[ASSIGNMENT]:
Return nothing but the lines from the line containing "Count all the soybean pods" through the last line of the records, reproduced exactly.

--- STUDY MATERIAL Enclosed Below ---

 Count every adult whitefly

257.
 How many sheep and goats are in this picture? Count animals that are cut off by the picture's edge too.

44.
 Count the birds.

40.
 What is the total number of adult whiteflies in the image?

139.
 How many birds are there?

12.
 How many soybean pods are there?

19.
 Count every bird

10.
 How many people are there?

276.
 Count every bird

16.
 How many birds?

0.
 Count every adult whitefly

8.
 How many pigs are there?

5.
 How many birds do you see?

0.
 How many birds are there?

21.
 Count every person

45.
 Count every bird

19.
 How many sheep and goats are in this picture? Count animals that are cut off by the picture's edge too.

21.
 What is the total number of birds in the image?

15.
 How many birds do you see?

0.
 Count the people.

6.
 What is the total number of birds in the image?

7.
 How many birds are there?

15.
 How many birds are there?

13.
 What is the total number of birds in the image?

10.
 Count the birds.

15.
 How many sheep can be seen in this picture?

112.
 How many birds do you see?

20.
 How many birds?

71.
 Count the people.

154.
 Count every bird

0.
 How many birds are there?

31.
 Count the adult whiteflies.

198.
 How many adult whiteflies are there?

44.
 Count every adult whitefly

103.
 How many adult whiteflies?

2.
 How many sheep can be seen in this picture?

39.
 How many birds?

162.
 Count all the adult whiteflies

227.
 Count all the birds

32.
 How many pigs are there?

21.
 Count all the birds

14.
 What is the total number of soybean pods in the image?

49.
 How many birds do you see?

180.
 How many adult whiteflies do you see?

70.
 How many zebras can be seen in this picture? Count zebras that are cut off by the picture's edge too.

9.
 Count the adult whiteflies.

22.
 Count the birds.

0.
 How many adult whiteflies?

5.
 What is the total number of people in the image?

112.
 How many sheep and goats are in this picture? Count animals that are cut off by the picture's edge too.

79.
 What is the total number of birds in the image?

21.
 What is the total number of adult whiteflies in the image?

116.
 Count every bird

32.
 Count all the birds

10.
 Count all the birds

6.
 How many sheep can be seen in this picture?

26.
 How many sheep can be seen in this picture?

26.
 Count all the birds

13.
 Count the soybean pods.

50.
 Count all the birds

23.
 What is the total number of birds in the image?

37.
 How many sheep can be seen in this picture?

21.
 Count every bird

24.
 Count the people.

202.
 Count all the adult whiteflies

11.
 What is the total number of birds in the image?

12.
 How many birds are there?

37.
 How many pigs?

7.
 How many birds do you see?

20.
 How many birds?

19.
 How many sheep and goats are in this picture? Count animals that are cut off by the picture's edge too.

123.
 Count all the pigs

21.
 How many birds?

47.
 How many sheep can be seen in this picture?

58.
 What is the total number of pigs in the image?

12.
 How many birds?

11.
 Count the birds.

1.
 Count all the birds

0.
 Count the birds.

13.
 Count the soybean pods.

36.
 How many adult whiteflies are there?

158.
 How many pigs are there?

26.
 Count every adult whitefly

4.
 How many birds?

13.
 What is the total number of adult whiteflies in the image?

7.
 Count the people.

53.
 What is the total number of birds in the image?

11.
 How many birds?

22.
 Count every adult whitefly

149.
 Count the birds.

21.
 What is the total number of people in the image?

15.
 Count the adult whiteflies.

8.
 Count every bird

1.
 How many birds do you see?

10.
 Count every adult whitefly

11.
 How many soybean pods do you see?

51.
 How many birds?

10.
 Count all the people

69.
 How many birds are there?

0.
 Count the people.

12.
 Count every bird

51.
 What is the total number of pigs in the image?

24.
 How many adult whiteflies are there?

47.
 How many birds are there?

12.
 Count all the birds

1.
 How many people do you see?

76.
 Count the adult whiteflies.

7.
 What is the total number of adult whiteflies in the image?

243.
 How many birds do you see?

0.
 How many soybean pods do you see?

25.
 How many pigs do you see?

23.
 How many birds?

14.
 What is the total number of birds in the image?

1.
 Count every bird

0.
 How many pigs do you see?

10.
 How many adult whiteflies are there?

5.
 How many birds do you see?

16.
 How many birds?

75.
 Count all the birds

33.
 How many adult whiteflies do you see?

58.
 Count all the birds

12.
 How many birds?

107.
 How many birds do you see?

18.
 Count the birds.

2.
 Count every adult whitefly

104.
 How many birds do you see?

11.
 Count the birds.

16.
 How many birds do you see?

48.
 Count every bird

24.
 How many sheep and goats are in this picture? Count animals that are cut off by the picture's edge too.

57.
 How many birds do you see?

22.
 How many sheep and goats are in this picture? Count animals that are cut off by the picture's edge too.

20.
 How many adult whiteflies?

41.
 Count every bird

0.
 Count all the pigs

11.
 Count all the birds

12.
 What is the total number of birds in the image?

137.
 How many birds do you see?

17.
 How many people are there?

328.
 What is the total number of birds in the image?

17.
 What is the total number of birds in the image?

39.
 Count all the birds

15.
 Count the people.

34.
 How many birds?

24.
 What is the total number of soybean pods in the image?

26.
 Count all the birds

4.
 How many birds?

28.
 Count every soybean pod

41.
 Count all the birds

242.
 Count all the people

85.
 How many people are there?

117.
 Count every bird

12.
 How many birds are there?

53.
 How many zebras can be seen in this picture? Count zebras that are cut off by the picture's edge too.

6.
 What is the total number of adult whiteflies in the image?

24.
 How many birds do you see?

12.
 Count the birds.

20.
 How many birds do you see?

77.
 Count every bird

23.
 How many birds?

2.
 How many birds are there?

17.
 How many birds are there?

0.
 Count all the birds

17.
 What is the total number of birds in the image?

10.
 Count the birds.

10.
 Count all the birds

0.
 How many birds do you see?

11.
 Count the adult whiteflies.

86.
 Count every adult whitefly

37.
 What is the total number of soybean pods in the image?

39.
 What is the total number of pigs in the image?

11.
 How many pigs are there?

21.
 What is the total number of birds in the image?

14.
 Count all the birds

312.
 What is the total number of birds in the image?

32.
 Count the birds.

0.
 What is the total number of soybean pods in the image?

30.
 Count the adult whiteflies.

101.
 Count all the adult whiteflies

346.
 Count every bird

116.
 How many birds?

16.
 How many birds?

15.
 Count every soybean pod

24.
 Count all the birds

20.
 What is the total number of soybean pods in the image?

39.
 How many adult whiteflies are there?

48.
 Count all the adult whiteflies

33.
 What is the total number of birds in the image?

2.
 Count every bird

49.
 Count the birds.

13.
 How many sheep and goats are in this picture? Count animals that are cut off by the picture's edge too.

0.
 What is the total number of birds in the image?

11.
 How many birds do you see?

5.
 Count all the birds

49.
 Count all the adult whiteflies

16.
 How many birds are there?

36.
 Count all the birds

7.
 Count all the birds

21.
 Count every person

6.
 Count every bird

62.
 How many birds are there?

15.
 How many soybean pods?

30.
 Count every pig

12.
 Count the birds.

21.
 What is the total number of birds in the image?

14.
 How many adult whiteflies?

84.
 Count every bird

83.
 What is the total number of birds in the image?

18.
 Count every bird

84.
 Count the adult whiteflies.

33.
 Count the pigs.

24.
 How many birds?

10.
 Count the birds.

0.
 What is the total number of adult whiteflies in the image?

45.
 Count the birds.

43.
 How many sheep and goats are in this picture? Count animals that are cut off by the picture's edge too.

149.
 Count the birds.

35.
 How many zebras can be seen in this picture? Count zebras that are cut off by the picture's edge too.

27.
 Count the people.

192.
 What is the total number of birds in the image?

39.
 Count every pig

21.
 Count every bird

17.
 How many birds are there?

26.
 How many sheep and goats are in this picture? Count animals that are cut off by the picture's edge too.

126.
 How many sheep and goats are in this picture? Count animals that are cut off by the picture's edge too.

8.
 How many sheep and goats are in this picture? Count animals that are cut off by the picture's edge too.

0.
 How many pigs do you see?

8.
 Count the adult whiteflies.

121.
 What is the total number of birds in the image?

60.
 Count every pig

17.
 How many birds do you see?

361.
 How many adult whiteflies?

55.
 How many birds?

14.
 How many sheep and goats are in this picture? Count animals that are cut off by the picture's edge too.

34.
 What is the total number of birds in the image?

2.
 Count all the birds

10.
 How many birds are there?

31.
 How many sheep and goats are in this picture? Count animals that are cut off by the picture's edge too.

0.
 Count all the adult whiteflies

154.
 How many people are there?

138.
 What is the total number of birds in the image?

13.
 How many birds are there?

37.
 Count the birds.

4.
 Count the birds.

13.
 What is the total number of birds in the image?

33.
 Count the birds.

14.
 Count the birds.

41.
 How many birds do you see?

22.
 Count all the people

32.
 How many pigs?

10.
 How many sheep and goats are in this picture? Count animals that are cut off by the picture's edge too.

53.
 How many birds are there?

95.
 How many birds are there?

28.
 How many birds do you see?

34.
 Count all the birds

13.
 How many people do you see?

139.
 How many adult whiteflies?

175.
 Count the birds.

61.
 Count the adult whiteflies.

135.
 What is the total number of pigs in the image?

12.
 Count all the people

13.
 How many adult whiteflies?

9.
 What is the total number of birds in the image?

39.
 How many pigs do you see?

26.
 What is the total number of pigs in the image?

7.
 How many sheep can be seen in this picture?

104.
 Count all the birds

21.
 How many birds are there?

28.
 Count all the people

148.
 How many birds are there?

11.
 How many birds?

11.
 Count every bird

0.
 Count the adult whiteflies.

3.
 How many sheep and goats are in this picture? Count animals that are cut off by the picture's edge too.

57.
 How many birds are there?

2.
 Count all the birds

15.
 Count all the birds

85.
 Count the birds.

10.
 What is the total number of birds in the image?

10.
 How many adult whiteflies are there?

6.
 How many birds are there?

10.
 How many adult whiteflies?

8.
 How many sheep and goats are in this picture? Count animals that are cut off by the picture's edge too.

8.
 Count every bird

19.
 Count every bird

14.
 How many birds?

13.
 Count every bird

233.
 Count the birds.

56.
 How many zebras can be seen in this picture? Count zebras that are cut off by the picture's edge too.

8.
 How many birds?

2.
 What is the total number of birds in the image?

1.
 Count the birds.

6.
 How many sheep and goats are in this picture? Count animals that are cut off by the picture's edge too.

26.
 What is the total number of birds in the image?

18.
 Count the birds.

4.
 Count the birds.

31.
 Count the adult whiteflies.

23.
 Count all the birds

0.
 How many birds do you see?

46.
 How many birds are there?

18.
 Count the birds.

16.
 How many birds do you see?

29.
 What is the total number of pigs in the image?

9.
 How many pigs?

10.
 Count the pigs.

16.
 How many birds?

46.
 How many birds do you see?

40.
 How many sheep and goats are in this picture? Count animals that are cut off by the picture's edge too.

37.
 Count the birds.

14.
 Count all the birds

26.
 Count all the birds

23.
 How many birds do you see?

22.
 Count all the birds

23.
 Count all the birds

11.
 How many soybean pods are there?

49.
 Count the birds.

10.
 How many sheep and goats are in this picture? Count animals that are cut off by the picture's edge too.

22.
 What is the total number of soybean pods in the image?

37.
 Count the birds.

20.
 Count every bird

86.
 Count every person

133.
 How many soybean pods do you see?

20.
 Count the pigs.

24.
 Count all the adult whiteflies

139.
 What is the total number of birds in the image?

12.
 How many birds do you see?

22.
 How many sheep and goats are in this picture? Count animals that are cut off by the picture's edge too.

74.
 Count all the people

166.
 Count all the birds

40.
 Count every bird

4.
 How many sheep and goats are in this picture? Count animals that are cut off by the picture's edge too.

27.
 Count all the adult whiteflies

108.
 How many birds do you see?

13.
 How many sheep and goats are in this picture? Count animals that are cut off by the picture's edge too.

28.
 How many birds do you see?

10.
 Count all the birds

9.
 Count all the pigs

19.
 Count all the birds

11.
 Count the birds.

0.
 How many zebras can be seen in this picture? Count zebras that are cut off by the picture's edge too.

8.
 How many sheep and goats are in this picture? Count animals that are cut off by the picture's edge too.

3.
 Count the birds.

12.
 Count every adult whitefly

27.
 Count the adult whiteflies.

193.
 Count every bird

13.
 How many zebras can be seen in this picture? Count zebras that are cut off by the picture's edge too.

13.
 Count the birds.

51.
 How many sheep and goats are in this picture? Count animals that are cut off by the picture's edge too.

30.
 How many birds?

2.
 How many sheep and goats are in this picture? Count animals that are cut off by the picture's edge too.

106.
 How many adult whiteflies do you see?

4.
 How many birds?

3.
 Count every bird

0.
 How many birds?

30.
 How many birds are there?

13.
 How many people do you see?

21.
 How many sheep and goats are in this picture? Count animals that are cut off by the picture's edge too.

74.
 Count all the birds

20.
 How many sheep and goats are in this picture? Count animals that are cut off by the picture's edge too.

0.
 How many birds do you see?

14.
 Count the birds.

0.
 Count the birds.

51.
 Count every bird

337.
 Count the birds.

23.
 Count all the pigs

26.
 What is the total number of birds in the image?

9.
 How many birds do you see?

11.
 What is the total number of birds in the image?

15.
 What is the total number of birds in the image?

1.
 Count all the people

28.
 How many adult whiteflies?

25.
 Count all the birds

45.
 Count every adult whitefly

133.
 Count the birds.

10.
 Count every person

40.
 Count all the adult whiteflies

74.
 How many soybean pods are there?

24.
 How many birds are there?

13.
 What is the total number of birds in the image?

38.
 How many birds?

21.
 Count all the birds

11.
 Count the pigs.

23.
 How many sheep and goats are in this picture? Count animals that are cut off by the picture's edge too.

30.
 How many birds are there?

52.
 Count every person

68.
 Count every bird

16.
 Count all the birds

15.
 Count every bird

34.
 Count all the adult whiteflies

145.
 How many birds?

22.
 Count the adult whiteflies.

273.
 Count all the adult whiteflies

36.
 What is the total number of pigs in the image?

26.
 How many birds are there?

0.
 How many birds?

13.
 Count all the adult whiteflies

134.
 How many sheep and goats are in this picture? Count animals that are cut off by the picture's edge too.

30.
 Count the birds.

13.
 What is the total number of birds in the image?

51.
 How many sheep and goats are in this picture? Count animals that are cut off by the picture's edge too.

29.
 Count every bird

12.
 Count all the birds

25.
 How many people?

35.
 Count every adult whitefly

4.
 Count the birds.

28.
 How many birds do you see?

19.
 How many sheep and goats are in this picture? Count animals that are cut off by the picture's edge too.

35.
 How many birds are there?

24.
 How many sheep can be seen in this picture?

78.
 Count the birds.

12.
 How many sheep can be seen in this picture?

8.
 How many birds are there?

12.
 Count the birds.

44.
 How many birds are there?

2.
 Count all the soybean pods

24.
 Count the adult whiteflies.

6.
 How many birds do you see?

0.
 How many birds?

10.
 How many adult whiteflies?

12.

--- End of Enclosed STUDY MATERIAL ---

[ANSWER SPACE]:
 Count all the soybean pods

24.
 Count the adult whiteflies.

6.
 How many birds do you see?

0.
 How many birds?

10.
 How many adult whiteflies?

12.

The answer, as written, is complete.